The Daily Agenda for Sunday, June 22
June 22nd, 2014
Pride Celebrations Today: Barcelona, Spain; Biarritz, France; Chicago, IL; Denver, CO; Durango, CO; Edinburgh, UK; Ft. Myers, FL; Houston, TX; Huntsville, AL; Iowa City, IA; Juneau, AK; Knoxville, TN; Lander, WY; Napa, CA; New Orleans, LA; Oklahoma City, OK; Olympia, WA; Oslo, Norway (Europride); Portland, ME; Sardinia, Italy; Saskatoon, SK; Shanghai, China; Toronto, ON (WorldPride);Wuppertal, Germany.
TODAY’S AGENDA is brought to you by:
Before the rainbow flag became the ubiquitous symbol for the LGBT community, the greek letter Lambda (λ) was the common symbol to identify all things gay. One writer of the day explained the significance:
Lambda is commonly known as the eleventh lower case letter of the Greek alphabet. Originally the letter was a picture symbol for the scales, the figure of justice. In time, the Lambda became more abstract in the resemblance to the scales of justice. It is represented as a concept of qualities if balance. Greeks believed that balance was a reconciliation between two opposites and as such was not a stable state, but one needing continuous adjustment.
Ancient Spartans wore their Lambda asa symbol of their unity. Many times it was worn as a logo on their shields as it signified the special balance which they felt must exist between an individual and the state. They believed that the demands of society should never interfere with each person’s right to be totally free and independent. Each Spartan recognized that only in a common bond could they hope to preserve their existence as a free and equal people. As Rome rose to power, the Lambda was borrowed since it’s overall shape was suggestive of a flame. It was used as a symbol for “Lampas”; their latin word for torch.
In the 1960’s, when the quest for Gay liberation began to emerge as an organized movement after the famous Stonewall riots, the lambda was selected asa Gay symbol due to its famous historical associations. The Lambda symbolizes justice, balance and the conciliation of opposites, unity, and the relationship of man and his society; freedom, equality and independence of the individual, and light.
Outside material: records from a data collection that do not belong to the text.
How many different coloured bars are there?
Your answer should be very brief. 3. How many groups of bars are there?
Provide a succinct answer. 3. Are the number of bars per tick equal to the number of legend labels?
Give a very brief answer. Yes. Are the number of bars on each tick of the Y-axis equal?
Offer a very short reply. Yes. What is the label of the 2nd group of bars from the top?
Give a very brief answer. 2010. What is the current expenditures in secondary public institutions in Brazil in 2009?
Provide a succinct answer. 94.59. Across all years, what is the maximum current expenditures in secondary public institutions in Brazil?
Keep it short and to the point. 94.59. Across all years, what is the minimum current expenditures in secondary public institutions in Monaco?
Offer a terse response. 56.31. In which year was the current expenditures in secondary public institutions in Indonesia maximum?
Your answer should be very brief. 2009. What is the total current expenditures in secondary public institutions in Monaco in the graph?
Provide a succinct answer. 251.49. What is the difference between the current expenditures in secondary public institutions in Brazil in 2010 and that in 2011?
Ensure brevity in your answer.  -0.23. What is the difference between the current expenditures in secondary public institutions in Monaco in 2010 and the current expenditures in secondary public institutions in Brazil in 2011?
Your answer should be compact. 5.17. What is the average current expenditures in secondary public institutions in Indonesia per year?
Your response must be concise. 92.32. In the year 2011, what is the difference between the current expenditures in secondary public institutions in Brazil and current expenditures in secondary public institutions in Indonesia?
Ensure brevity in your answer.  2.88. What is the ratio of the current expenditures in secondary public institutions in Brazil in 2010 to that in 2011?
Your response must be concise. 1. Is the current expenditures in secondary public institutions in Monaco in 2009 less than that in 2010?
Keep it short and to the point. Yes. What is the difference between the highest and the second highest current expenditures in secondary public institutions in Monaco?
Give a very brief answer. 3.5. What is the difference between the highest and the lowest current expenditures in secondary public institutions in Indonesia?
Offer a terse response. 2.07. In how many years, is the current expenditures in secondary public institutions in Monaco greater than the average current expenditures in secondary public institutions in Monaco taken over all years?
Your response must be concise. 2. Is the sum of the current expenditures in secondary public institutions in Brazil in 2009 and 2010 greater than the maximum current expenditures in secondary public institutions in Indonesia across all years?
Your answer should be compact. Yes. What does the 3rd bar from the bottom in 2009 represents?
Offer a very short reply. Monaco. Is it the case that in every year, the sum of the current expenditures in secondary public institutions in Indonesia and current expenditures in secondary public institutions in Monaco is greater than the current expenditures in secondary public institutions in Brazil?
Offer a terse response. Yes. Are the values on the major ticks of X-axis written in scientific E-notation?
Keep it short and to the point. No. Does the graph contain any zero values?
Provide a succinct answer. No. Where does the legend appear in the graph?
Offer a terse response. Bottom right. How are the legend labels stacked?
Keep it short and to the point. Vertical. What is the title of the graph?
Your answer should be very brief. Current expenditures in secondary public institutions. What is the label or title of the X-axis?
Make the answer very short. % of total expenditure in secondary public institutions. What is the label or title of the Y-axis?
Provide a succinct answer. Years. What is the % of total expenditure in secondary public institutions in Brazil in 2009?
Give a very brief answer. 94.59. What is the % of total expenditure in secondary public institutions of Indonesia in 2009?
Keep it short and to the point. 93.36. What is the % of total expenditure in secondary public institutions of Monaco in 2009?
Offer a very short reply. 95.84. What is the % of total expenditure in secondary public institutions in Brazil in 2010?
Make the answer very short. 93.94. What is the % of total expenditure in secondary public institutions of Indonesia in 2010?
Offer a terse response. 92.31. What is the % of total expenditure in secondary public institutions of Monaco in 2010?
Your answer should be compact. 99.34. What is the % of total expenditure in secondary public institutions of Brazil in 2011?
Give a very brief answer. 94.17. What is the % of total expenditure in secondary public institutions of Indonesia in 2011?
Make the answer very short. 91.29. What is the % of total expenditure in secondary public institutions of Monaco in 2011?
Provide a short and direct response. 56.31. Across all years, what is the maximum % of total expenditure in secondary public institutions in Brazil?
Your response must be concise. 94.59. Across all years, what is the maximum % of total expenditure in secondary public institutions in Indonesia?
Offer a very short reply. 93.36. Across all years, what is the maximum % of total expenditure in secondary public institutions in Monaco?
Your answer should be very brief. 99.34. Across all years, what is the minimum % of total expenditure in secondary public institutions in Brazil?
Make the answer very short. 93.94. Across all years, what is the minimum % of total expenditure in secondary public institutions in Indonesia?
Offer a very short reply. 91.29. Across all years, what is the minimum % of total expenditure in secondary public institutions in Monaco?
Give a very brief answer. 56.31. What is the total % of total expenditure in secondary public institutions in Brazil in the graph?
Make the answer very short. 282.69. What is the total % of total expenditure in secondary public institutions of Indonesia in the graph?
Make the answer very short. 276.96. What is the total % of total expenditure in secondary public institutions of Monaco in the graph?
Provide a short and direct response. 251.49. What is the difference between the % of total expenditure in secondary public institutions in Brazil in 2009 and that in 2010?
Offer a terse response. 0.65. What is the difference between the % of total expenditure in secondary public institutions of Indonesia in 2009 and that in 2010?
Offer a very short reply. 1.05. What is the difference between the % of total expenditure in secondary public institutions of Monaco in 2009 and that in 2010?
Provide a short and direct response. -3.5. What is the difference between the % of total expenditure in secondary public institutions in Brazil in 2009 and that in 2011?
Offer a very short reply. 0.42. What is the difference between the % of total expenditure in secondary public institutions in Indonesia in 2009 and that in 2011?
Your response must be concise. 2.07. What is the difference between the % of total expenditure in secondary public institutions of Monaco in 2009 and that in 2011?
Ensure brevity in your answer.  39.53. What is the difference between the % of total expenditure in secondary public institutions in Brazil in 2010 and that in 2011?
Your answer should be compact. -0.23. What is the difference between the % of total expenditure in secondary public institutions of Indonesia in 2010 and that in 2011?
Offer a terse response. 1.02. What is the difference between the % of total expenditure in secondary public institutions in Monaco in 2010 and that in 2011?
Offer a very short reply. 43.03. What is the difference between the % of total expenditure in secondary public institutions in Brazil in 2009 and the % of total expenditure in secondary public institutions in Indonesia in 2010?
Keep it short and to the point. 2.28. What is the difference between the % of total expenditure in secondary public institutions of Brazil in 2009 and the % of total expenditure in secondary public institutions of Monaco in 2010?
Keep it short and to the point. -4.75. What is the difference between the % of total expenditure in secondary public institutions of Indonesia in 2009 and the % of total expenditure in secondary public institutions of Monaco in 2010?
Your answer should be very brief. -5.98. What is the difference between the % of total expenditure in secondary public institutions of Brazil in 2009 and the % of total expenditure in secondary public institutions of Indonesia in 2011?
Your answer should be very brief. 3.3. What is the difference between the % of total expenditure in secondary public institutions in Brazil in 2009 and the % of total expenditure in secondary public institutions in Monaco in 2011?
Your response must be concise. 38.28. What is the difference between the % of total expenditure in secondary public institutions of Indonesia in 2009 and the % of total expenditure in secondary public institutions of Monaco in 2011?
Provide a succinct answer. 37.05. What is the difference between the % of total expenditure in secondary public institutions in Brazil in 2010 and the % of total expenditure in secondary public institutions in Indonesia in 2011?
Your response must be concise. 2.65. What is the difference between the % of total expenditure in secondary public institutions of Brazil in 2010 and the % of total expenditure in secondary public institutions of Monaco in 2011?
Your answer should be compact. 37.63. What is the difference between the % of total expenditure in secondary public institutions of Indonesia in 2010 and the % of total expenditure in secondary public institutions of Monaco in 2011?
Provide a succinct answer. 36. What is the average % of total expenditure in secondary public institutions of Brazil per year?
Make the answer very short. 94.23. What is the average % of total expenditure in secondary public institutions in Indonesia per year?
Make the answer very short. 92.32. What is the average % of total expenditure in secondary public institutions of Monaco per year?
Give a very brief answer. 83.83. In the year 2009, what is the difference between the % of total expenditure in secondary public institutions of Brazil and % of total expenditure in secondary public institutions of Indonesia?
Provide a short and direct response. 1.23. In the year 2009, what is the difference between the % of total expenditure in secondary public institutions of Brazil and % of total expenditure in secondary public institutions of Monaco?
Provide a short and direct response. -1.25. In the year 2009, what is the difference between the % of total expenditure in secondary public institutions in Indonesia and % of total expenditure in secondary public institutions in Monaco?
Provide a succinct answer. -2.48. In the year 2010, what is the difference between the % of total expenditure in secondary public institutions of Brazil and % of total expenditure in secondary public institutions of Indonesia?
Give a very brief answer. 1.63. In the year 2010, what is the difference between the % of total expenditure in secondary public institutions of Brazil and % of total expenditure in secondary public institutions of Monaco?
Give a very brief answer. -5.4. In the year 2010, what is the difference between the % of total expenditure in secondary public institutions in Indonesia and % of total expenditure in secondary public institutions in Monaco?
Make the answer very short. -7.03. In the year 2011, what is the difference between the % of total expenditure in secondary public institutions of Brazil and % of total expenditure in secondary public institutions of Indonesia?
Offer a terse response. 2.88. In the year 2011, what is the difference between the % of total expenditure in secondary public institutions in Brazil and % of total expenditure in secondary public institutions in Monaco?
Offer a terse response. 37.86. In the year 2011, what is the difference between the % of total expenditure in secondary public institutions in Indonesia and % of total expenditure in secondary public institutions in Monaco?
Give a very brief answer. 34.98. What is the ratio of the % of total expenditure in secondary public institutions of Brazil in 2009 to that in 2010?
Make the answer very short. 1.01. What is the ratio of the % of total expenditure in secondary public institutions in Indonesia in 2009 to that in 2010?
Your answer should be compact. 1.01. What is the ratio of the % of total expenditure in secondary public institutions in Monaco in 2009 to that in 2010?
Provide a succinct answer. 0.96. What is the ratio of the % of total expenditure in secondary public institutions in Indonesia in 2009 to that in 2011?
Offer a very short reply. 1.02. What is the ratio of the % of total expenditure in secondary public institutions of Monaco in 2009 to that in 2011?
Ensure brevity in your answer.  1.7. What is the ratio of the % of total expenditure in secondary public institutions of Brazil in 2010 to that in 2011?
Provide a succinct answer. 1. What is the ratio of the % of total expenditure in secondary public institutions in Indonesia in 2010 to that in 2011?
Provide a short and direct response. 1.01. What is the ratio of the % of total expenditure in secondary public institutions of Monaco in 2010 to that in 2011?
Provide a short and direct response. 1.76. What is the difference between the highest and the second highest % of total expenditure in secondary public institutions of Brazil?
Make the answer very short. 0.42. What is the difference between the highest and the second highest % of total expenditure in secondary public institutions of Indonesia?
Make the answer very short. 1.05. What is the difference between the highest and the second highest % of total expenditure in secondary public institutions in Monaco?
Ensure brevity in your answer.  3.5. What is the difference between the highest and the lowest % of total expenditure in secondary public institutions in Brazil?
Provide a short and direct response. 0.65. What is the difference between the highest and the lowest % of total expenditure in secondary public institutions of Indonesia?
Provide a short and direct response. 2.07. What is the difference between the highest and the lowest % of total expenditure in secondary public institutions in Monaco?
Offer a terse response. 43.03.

Gay people feel that the Lambda has those qualities which best represent their objectives.
As a symbol of freedom for Gay people, the Lambda has come to represent the “light of knowledge shed into the darkness of ignorance.” It promises hope for a new future with dignity, for Gay men and women everywhere. Today, the Lambda is recognized as a unique international symbol for Gay rights, for sexual liberation, for justice and enlightenment; as well as for a needed balance in the acceptance of differences by and with all humanity.
[Source: “What’s A Lambda?” Arizona Gay News 2, no. 40 (October 7, 1977): 13.]
TODAY IN HISTORY:
► Robert Hillsborough Murdered: 1977. A brutal murder nearly four decades ago in San Francisco has been largely forgotten today, but at the time it was credited for catalyzing that city’s gay community and awakening the bay area to the growing violence against gay people. On the night of June 21, 1977, Robert Hillsborough, 33, and his roommate, Jerry Taylor, 27, went out to a disco for a night of dancing. They left sometime after midnight and stopped for a bite to eat at the Whiz Burger a few blocks from their apartment in the Mission District.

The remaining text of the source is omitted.